This is an excerpt from a journal I started keeping before attending any Al-Anon or Nar-Anon meetings:
It has been six years since I met my husband. I was swept off my feet by
his carefree charm, love of debate, intellect and quiet humility. We
shared similar beliefs about marriage and plans for our lives so
marriage was quickly decided and babies followed shortly after. Our
third is on his way now and motherhood has been my constant saving
grace. But now, after these few short chaotic years, I want to feel
whole again.
My husband has ADHD. He was diagnosed when he was young and started
taking Adderall in high school. By the time I met him he had been taking
it, and presumably abusing it, for several years. It was not something
we talked about and it took me a long time to understand why his moods
and energy levels seemed to change with the wind. When we were dating he
would stay up all night for two weeks at a time to read. Then,
suddenly, I wouldn't be able to reach him for most of a weekend. I
pieced the puzzle together over those early years with no truth from him
on the subject. He genuinely thought (and still thinks) it is a
non-issue and therefor, nothing to discuss.
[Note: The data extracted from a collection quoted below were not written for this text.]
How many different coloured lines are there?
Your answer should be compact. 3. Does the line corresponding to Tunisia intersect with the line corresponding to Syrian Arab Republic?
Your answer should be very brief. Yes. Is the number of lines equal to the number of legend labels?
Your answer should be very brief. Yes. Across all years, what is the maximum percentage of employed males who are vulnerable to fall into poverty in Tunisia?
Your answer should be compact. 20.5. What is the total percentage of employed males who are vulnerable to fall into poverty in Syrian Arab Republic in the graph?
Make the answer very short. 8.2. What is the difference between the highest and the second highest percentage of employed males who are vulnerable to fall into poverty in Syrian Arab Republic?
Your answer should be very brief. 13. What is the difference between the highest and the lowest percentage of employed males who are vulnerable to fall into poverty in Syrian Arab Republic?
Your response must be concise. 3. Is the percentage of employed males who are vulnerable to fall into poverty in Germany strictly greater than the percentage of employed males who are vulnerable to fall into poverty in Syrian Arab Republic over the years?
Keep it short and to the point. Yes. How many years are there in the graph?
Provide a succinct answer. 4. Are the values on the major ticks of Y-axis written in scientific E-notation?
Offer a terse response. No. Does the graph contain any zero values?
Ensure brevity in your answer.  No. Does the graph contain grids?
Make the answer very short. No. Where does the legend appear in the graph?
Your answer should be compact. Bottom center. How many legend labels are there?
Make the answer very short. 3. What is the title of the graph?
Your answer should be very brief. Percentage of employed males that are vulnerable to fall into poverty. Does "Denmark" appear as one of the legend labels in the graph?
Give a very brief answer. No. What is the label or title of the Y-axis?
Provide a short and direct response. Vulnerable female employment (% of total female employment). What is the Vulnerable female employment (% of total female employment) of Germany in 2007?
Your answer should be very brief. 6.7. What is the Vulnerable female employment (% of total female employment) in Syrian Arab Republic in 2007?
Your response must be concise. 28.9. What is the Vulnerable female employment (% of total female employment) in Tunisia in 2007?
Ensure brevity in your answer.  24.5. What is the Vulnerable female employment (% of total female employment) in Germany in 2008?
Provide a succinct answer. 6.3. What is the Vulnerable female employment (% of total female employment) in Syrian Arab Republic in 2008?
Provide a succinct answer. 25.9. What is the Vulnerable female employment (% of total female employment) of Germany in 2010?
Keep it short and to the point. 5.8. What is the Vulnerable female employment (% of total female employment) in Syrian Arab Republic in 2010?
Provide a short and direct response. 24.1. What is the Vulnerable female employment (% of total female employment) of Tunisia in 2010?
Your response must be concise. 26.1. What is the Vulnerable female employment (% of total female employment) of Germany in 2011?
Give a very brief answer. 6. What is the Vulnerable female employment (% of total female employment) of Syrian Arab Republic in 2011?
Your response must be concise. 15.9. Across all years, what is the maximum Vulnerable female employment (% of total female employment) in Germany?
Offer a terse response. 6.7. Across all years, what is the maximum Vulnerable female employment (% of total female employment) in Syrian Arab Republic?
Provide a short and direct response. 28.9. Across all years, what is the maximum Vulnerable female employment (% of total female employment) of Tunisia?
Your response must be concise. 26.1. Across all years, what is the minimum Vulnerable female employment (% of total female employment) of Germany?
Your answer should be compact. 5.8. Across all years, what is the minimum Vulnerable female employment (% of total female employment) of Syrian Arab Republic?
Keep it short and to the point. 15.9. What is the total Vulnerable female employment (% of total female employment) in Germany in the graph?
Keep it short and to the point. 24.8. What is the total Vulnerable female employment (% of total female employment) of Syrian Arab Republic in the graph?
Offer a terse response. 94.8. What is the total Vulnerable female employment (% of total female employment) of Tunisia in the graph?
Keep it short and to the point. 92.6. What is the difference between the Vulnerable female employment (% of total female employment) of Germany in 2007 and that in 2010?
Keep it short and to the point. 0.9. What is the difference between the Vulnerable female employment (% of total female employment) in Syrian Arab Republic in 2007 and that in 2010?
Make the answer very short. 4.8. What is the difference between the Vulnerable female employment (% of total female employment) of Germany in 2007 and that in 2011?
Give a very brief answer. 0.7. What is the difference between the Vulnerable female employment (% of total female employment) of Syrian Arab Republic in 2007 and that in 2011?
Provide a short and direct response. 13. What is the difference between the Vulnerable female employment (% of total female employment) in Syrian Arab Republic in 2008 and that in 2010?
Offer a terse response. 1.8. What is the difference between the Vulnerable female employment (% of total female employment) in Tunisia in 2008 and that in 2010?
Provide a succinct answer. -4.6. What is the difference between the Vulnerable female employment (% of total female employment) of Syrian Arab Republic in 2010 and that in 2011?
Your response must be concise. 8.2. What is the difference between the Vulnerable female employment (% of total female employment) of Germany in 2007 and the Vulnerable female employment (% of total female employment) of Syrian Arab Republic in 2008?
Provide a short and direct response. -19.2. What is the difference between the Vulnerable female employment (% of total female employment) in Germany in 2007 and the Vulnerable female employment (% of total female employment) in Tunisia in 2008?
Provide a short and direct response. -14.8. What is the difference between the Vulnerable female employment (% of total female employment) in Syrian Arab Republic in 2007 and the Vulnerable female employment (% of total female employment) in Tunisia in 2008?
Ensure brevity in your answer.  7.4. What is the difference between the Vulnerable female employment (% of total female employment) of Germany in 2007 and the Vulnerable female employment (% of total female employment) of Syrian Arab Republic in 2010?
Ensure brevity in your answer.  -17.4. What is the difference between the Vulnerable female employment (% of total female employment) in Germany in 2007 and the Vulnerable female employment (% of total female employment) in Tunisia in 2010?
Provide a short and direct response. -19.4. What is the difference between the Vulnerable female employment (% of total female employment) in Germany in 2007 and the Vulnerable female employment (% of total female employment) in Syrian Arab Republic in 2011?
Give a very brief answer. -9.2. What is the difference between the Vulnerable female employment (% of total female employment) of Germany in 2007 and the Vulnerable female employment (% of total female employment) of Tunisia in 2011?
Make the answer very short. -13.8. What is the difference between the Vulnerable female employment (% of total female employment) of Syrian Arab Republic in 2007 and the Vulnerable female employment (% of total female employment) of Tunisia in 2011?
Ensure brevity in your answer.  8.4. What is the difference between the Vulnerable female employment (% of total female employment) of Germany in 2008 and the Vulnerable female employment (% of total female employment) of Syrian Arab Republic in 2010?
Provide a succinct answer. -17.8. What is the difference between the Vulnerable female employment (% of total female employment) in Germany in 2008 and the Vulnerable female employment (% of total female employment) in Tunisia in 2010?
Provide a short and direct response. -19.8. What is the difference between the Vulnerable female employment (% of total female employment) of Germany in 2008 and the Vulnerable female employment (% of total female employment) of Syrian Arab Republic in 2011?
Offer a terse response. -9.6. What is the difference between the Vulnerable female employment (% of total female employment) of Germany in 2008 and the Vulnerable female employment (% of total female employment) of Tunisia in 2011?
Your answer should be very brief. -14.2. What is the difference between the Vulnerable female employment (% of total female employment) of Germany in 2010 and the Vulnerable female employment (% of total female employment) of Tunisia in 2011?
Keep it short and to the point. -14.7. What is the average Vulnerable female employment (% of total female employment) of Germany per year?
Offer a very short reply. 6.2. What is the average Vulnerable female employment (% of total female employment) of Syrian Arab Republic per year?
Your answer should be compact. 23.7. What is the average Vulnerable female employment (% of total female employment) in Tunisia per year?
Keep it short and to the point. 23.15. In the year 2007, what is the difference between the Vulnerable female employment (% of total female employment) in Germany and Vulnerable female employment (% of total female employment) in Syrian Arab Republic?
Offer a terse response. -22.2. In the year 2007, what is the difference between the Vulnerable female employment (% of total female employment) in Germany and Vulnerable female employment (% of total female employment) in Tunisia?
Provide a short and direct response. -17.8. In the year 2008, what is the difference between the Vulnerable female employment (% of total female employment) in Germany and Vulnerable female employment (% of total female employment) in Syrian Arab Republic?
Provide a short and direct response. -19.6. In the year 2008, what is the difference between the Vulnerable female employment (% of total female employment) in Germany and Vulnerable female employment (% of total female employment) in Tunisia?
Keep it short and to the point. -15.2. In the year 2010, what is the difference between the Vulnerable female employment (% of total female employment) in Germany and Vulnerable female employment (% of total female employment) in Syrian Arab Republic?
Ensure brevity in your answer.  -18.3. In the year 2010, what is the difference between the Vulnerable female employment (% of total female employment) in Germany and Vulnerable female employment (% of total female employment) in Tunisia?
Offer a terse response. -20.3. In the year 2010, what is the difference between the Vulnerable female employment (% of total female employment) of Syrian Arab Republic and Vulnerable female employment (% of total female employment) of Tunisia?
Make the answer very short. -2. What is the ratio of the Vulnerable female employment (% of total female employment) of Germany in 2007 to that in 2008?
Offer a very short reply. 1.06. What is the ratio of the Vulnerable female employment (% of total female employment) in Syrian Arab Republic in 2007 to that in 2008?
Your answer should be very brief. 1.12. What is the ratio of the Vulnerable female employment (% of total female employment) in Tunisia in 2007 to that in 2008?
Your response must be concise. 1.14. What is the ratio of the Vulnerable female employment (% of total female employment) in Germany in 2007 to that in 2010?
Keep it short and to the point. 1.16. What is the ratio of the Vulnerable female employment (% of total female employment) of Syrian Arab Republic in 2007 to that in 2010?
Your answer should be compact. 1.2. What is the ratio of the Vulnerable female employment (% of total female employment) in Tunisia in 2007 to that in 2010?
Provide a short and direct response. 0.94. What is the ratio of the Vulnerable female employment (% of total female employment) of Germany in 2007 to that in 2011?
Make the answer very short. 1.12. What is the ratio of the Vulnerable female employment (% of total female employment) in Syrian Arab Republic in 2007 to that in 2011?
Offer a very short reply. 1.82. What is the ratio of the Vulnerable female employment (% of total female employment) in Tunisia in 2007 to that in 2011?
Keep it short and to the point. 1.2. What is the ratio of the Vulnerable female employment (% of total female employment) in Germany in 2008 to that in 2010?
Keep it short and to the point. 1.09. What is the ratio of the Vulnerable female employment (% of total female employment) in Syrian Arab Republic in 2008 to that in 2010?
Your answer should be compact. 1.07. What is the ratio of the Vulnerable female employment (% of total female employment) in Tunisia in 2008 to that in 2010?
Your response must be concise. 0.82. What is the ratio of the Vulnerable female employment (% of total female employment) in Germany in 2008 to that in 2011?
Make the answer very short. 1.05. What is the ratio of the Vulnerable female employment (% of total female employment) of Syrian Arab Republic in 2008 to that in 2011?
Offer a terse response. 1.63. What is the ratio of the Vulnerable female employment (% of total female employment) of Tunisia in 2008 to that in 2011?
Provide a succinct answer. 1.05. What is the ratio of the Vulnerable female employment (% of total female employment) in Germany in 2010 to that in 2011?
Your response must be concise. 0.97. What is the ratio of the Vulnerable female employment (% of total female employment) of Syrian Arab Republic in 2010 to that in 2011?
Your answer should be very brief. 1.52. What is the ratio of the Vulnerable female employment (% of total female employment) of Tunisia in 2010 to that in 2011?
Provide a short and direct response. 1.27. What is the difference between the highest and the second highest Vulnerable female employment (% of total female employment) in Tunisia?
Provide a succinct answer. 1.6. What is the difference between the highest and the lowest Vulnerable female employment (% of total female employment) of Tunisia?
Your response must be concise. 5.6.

Over the last couple of years, I have attempted to address the issue in
every passive way possible. The tension in our lives has increased with
each passing month and each conversation about the medicine. When he
doesn't take enough medicine, his decisions are inexplicably reckless.
He will sleep at inappropriate times, spend money he doesn't have and
drink more than he should. I have spent countless nights worrying about
him for one reason or another but they all trace back to one route
cause: He has not taken his medicine properly.
My life is different from most people I know now.
How can I explain to someone that I love and want to have a future with
that I may not ever be able to forgive him for letting me feel
completely alone when our babies were born? And that I may ask him not
to be there when this baby is being delivered? Would it be worse to be
alone or have all of my hopes dashed when I realize my husband is
indifferent to my pain and fear, let alone the baby's arrival? Is there
anything more hurtful than indifference?